Где муки, где любовь? Увы, в Душе моей
Для бедной, легковерной тени,
Для сладкой памяти невозвратимых дней
Не нахожу ни слез, ни пени .

29 июля 1826 года
Усл. о см. 25
У. о. с. Р. П. М. К. Б. 24.

Первая строчка даты, 29 июля, указывает на дату написания стихотворения, а вторая и третья могут быть расшифрованы таким образом: «услышал о смерти Ризнич 25 июля; услышал о смерти Рылеева, Пестеля, Муравьева, Каховского, Бестужева 24 июля».
Тень красавицы Амалии пронеслась перед взором Пушкина вместе  со свитой пяти других теней, трагически погибших близких ему друзей. Удивляет странное отношение поэта к бывшей возлюбленной: почему известие о смерти столь любимой женщины не вызвало у поэта слез или жалоб, стенаний (пени)? Возможно, что еще в октябре 1823 г, когда писал поэт о своих чувствах ревности к Амалии, его  подозрения оказались не беспочвенными, а имели серьезные основания, и простить измену сопернику (о муже речи не было, он воспринимался как естественное приложение) он не мог.
В ненапечатанной XVI главе «Евгения Онегина», написанной в Михайловском в ноябре 1826 г., поэт объяснил  свое странное равнодушие к ушедшей из жизни близкой женщины:
Я не хочу пустой укорой
Могилы возмущать покой;
Тебя уж нет, о ты, которой
Я в бурях жизни молодой
Обязан опытом ужасным
И рая мигом сладострастным
Как учат слабое дитя,
Ты душу нежную, мутя,
Учила горести глубокой,
Ты негой волновала кровь,
Ты воспаляла в ней любовь
И пламя ревности жестокой;
Но он прошел, сей тяжкий день
Почий, мучительная тень.
Ноябрь 1826.

Через два года (1828) чувства обиды и горечи ушли, в воображении он провожал ее и  при расставании  продолжал ее любить, а  она  звала его в свою страну под оливы:

Для берегов отчизны дальней
Ты покидала край чужой;
В час незабвенный, в час печальный
Я долго плакал пред тобой.
Мои хладеющие руки
Тебя старались удержать;
Томленья страшного разлуки
Мой стон молил не прерывать.
Но ты от горького лобзанья
Свои уста оторвала;
Из края мрачного изгнанья
Ты в край иной меня звала.
Ты говорила: „В День свиданья,
Под небом вечно голубым,
В тени олив, любви лобзанья
Мы вновь, мой друг, соединим".
1828

В стихотворении «Прощание», датированном 5-го октября 1830 г., когда Пушкин находился в Болдино из-за карантина, перед  женитьбой с Натальей Николаевной, которая дала свое согласие, он расставался с прошлым.  Пушкин   обратился к тени умершей Амалии. Все,  что разъединяло, забыто, но остались воспоминания о тех необыкновенных чувствах, которые  вызывала она.
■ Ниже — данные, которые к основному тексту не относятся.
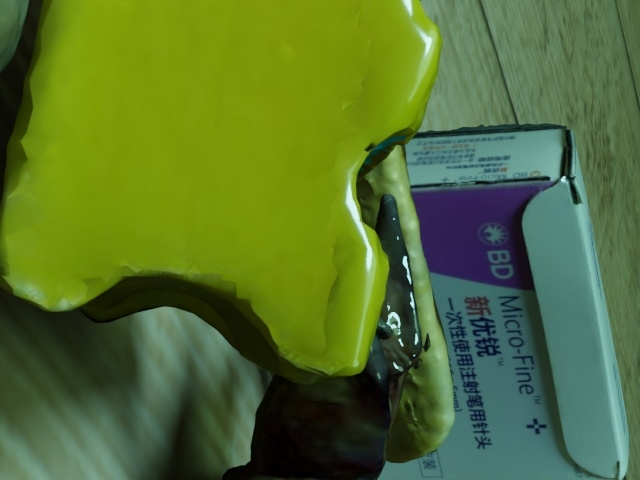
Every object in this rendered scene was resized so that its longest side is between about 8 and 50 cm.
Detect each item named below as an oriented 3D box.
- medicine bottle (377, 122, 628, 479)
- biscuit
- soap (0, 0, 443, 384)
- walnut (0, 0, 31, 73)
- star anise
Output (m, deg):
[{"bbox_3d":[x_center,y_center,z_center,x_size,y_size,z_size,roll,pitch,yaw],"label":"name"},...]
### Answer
[{"bbox_3d":[0.063,0.037,0.968,0.052,0.171,0.201,-68,150,-50],"label":"medicine bottle"},{"bbox_3d":[0.000,0.000,0.876,0.029,0.118,0.247,-41,128,-41],"label":"biscuit"},{"bbox_3d":[-0.024,-0.064,0.594,0.324,0.096,0.204,140,-37,-84],"label":"soap"},{"bbox_3d":[-0.131,-0.072,0.414,0.162,0.140,0.140,-32,118,-54],"label":"walnut"},{"bbox_3d":[0.007,0.119,0.766,0.272,0.103,0.272,-160,-90,-87],"label":"star anise"}]
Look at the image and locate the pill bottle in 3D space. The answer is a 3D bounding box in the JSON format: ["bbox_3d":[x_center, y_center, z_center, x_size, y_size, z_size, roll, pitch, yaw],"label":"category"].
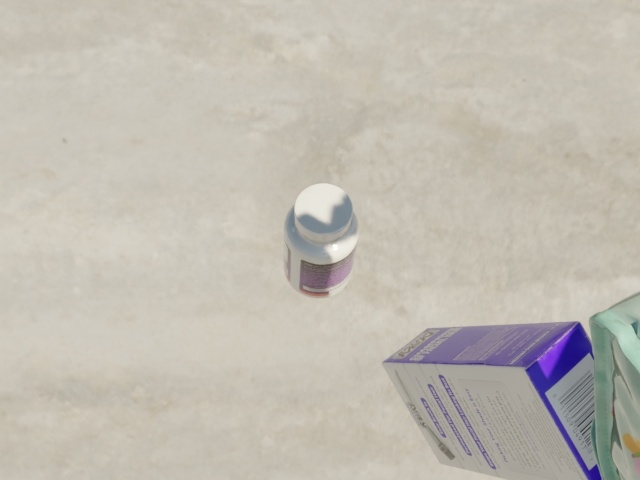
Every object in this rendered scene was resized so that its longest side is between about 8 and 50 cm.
[{"bbox_3d":[0.000,0.000,1.165,0.108,0.193,0.108,1,64,-2],"label":"pill bottle"}]

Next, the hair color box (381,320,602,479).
[{"bbox_3d":[0.237,0.211,1.059,0.110,0.339,0.185,-34,97,-26],"label":"hair color box"}]

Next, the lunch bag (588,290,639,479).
[{"bbox_3d":[0.290,0.111,0.489,0.223,0.262,0.160,-27,47,-3],"label":"lunch bag"}]
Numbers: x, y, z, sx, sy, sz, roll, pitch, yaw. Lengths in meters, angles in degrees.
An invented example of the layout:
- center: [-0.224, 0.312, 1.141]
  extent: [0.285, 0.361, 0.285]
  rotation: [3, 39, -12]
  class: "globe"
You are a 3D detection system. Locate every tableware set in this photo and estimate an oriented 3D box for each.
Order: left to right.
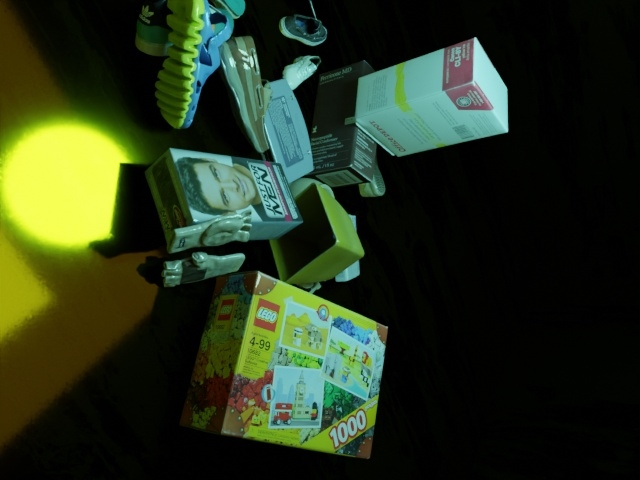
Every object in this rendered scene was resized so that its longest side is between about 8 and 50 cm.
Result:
- center: [-0.034, 0.083, 1.591]
  extent: [0.194, 0.039, 0.128]
  rotation: [-40, 106, -54]
  class: "tableware set"

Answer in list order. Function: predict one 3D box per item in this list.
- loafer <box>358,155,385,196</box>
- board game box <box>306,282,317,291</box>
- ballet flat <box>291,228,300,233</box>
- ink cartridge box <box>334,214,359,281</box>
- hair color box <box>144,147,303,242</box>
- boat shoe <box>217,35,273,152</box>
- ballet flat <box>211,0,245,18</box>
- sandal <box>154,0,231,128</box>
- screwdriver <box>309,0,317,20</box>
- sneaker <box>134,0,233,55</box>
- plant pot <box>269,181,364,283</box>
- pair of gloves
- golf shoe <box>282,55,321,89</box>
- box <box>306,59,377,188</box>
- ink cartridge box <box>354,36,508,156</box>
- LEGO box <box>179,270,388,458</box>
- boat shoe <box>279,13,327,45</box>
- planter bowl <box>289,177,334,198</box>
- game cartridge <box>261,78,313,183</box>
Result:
- center: [0.154, -0.276, 1.887]
  extent: [0.102, 0.092, 0.269]
  rotation: [13, 60, -53]
  class: "loafer"
- center: [-0.017, 0.057, 1.668]
  extent: [0.186, 0.026, 0.126]
  rotation: [-54, 127, -41]
  class: "board game box"
- center: [-0.102, -0.055, 1.566]
  extent: [0.114, 0.041, 0.041]
  rotation: [60, 43, -29]
  class: "ballet flat"
- center: [0.085, 0.021, 1.769]
  extent: [0.224, 0.045, 0.224]
  rotation: [-1, 86, -75]
  class: "ink cartridge box"
- center: [-0.225, -0.103, 1.294]
  extent: [0.374, 0.113, 0.185]
  rotation: [-3, 67, -53]
  class: "hair color box"
- center: [-0.177, -0.375, 1.361]
  extent: [0.116, 0.123, 0.324]
  rotation: [-26, 136, -12]
  class: "boat shoe"
- center: [-0.272, -0.650, 1.314]
  extent: [0.248, 0.086, 0.086]
  rotation: [46, 47, -72]
  class: "ballet flat"
- center: [-0.285, -0.404, 1.191]
  extent: [0.138, 0.126, 0.317]
  rotation: [-17, 139, -49]
  class: "sandal"
- center: [-0.031, -0.797, 1.760]
  extent: [0.025, 0.024, 0.170]
  rotation: [-92, 163, -57]
  class: "screwdriver"
- center: [-0.307, -0.532, 1.246]
  extent: [0.108, 0.121, 0.302]
  rotation: [37, 43, 10]
  class: "sneaker"
- center: [0.000, 0.000, 1.476]
  extent: [0.187, 0.212, 0.212]
  rotation: [20, 41, -46]
  class: "plant pot"
- center: [-0.261, 0.022, 1.191]
  extent: [0.204, 0.240, 0.042]
  rotation: [-15, 61, -30]
  class: "pair of gloves"
- center: [-0.057, -0.533, 1.627]
  extent: [0.069, 0.086, 0.176]
  rotation: [60, 41, -35]
  class: "golf shoe"
- center: [0.082, -0.376, 1.714]
  extent: [0.143, 0.191, 0.382]
  rotation: [29, 63, -48]
  class: "box"
- center: [0.335, -0.415, 1.582]
  extent: [0.279, 0.384, 0.161]
  rotation: [27, 62, -48]
  class: "ink cartridge box"
- center: [-0.069, 0.340, 1.368]
  extent: [0.500, 0.193, 0.373]
  rotation: [27, 65, -39]
  class: "LEGO box"
- center: [-0.036, -0.691, 1.687]
  extent: [0.228, 0.076, 0.080]
  rotation: [-10, 94, -53]
  class: "boat shoe"
- center: [-0.024, -0.119, 1.610]
  extent: [0.162, 0.109, 0.162]
  rotation: [8, 80, -53]
  class: "planter bowl"
- center: [-0.116, -0.326, 1.560]
  extent: [0.196, 0.060, 0.294]
  rotation: [-34, 113, -46]
  class: "game cartridge"

И вот настал момент, и он хочет проститься по-христиански: с доброй душой и благодарностью навсегда.

Прощание.
В последний раз твой образ милый
Дерзаю мысленно ласкать,
Будить мечту сердечной силой,
И с негой робкой и унылой
Твою любовь воспоминать.
Бегут, меняясь, наши лета,
Меняя все, меняя нас;
Уж ты для страстного поэта
Могильным сумраком одета,
И для тебя твой друг угас.
Прими же, дальняя подруга,
Прощанье сердца моего,
Как овдовевшая супруга,
Как друг, обнявший молча Друга,
Перед изгнанием его.
5 октября 1830

Если считать как Щеголев, что эти стихи не связаны с Амалией,  то надо будет предположить, что у Пушкина, кроме Амалии Ризнич, была другая возлюбленная иностранка, скончавшаяся за границей. Но пушкинисты иную  иностранку, возлюбленную поэта, не обнаружили, и ее поиски  не имеют смысла.